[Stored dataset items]
★ ★ ★ ★ ★ ★ ★

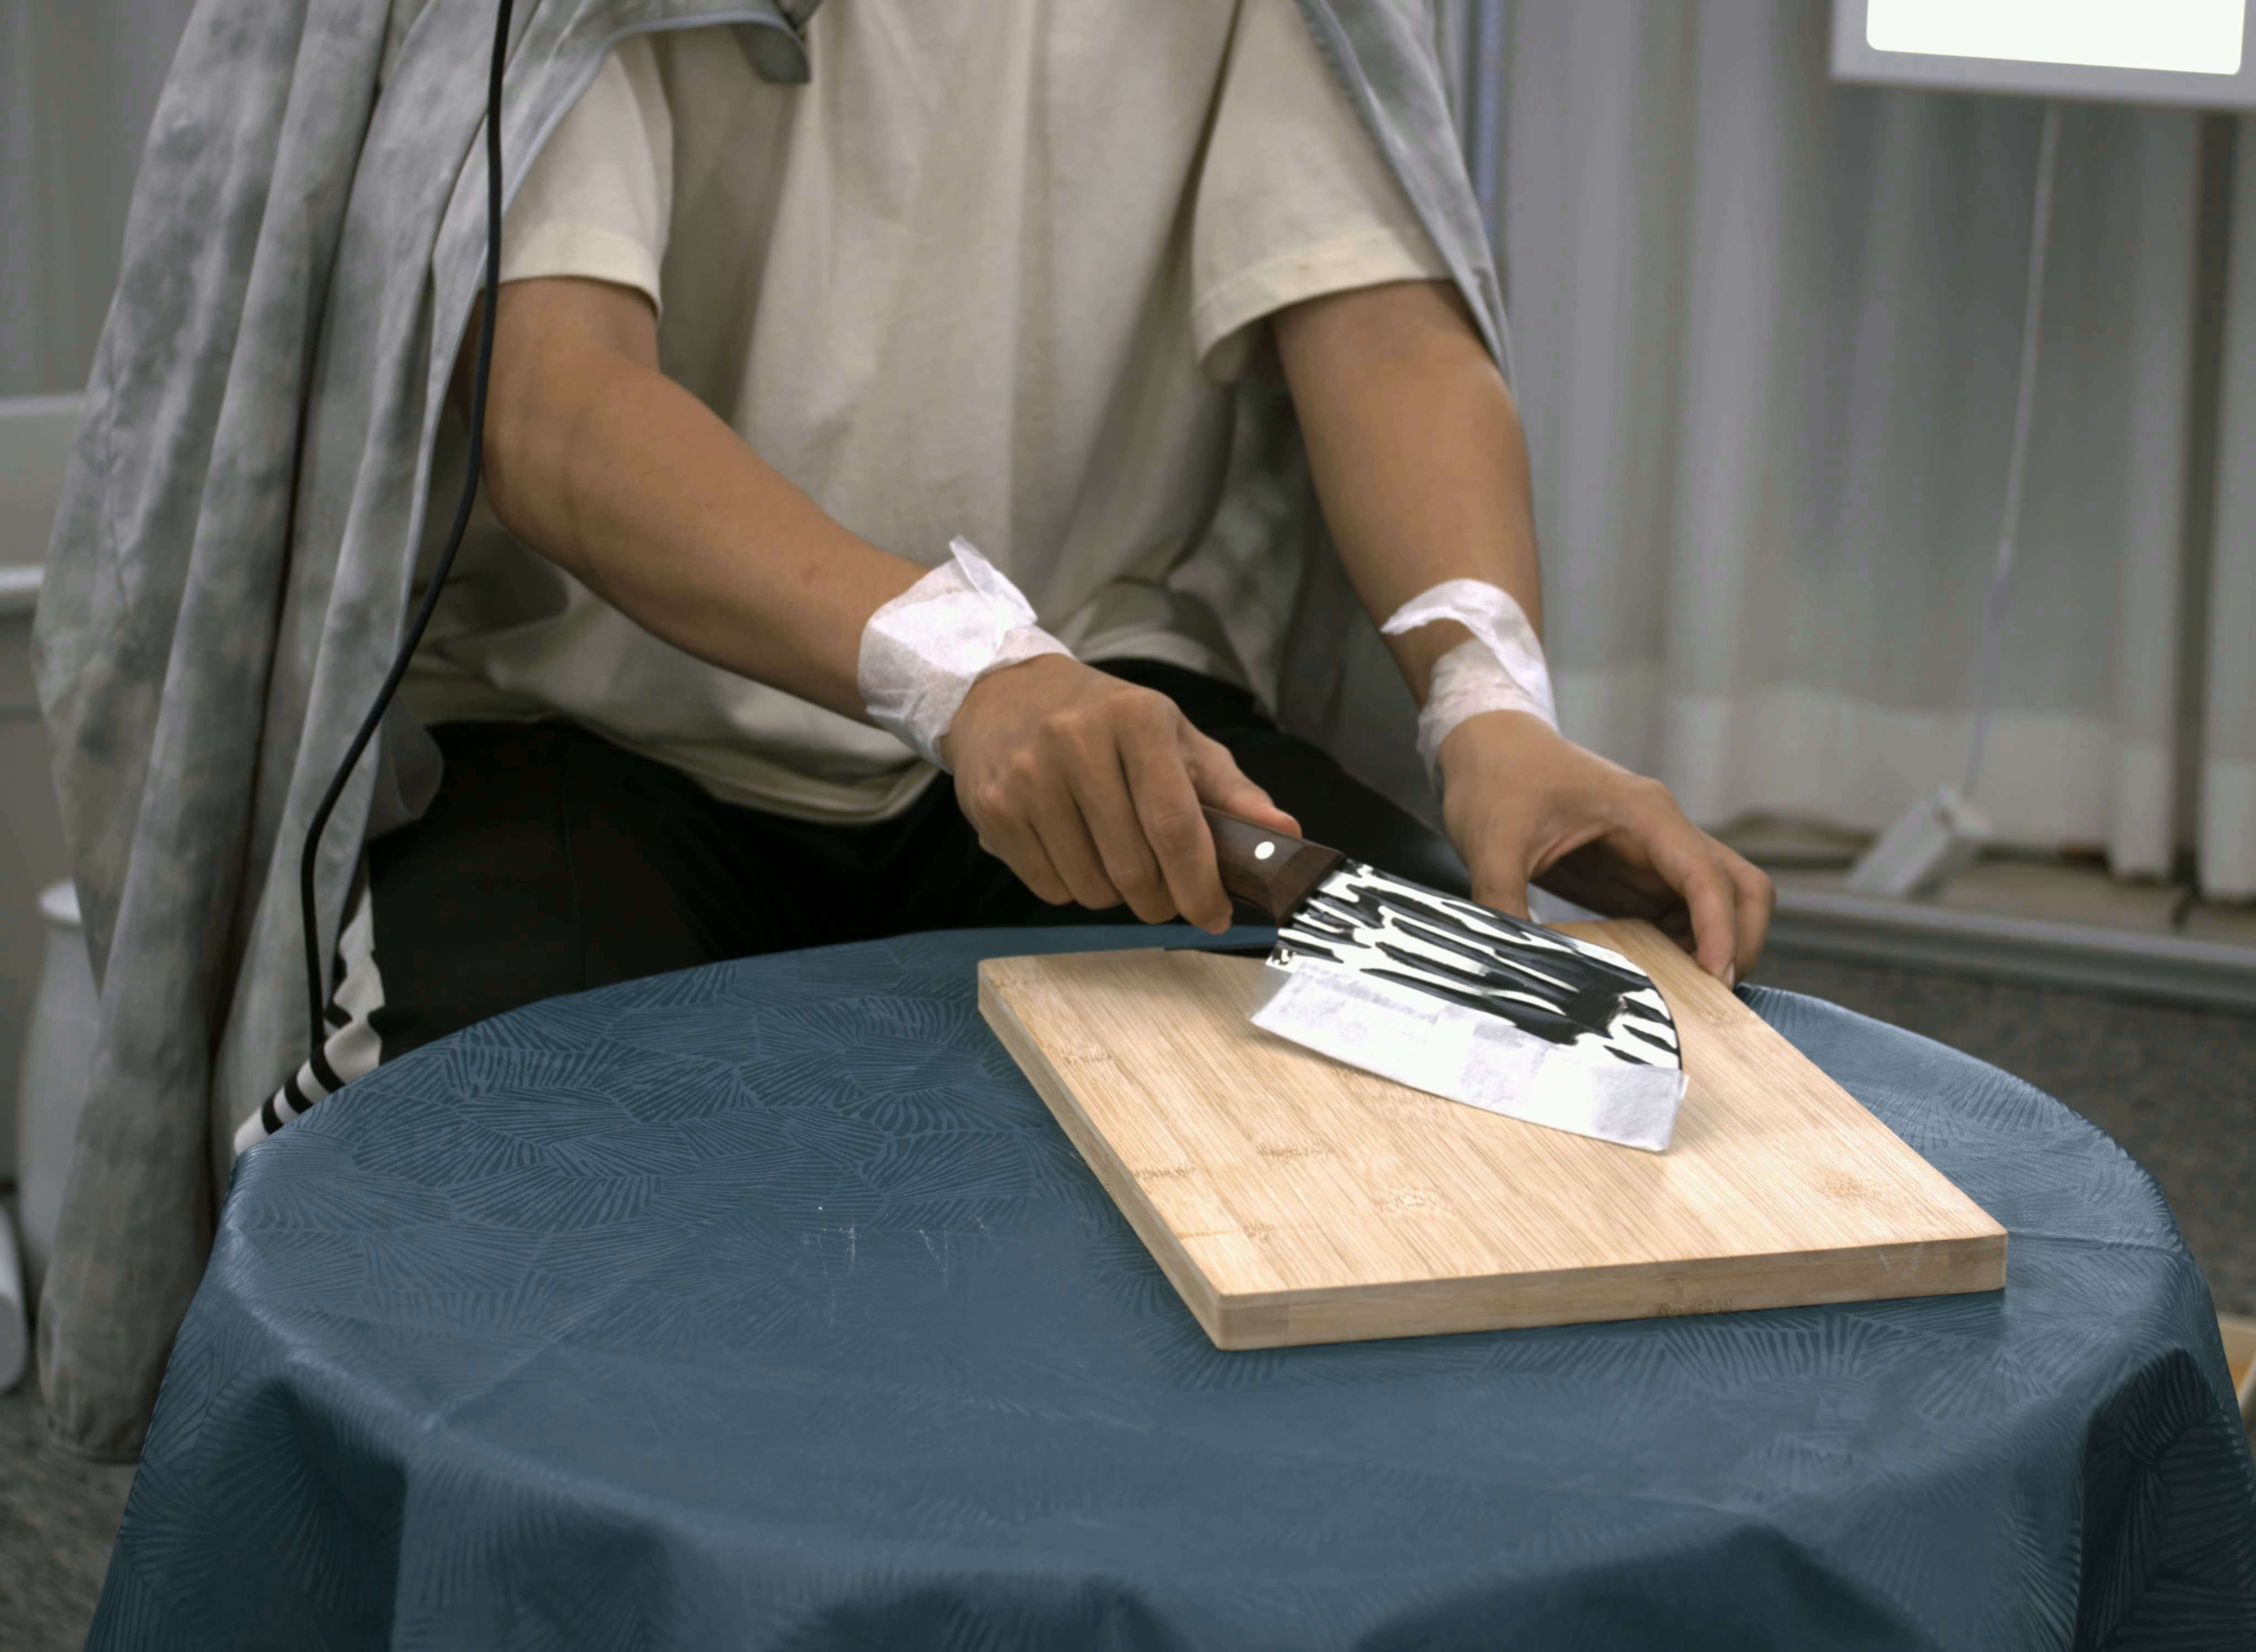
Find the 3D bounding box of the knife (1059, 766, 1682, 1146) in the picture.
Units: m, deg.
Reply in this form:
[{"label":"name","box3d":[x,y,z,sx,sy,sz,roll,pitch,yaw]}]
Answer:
[{"label":"knife","box3d":[0.072,0.041,1.713,0.295,0.024,0.068,21,68,41]}]

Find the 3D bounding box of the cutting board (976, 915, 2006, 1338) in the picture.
[{"label":"cutting board","box3d":[0.103,0.090,1.681,0.251,0.024,0.345,-3,16,-14]}]

★ ★ ★ ★ ★ ★ ★

## Directions for this task
Excluding the pictures, transcribe each entry above word for word.

## Solution
Find the 3D bounding box of the knife (1059, 766, 1682, 1146) in the picture.
Units: m, deg.
Reply in this form:
[{"label":"name","box3d":[x,y,z,sx,sy,sz,roll,pitch,yaw]}]
Answer:
[{"label":"knife","box3d":[0.072,0.041,1.713,0.295,0.024,0.068,21,68,41]}]

Find the 3D bounding box of the cutting board (976, 915, 2006, 1338) in the picture.
[{"label":"cutting board","box3d":[0.103,0.090,1.681,0.251,0.024,0.345,-3,16,-14]}]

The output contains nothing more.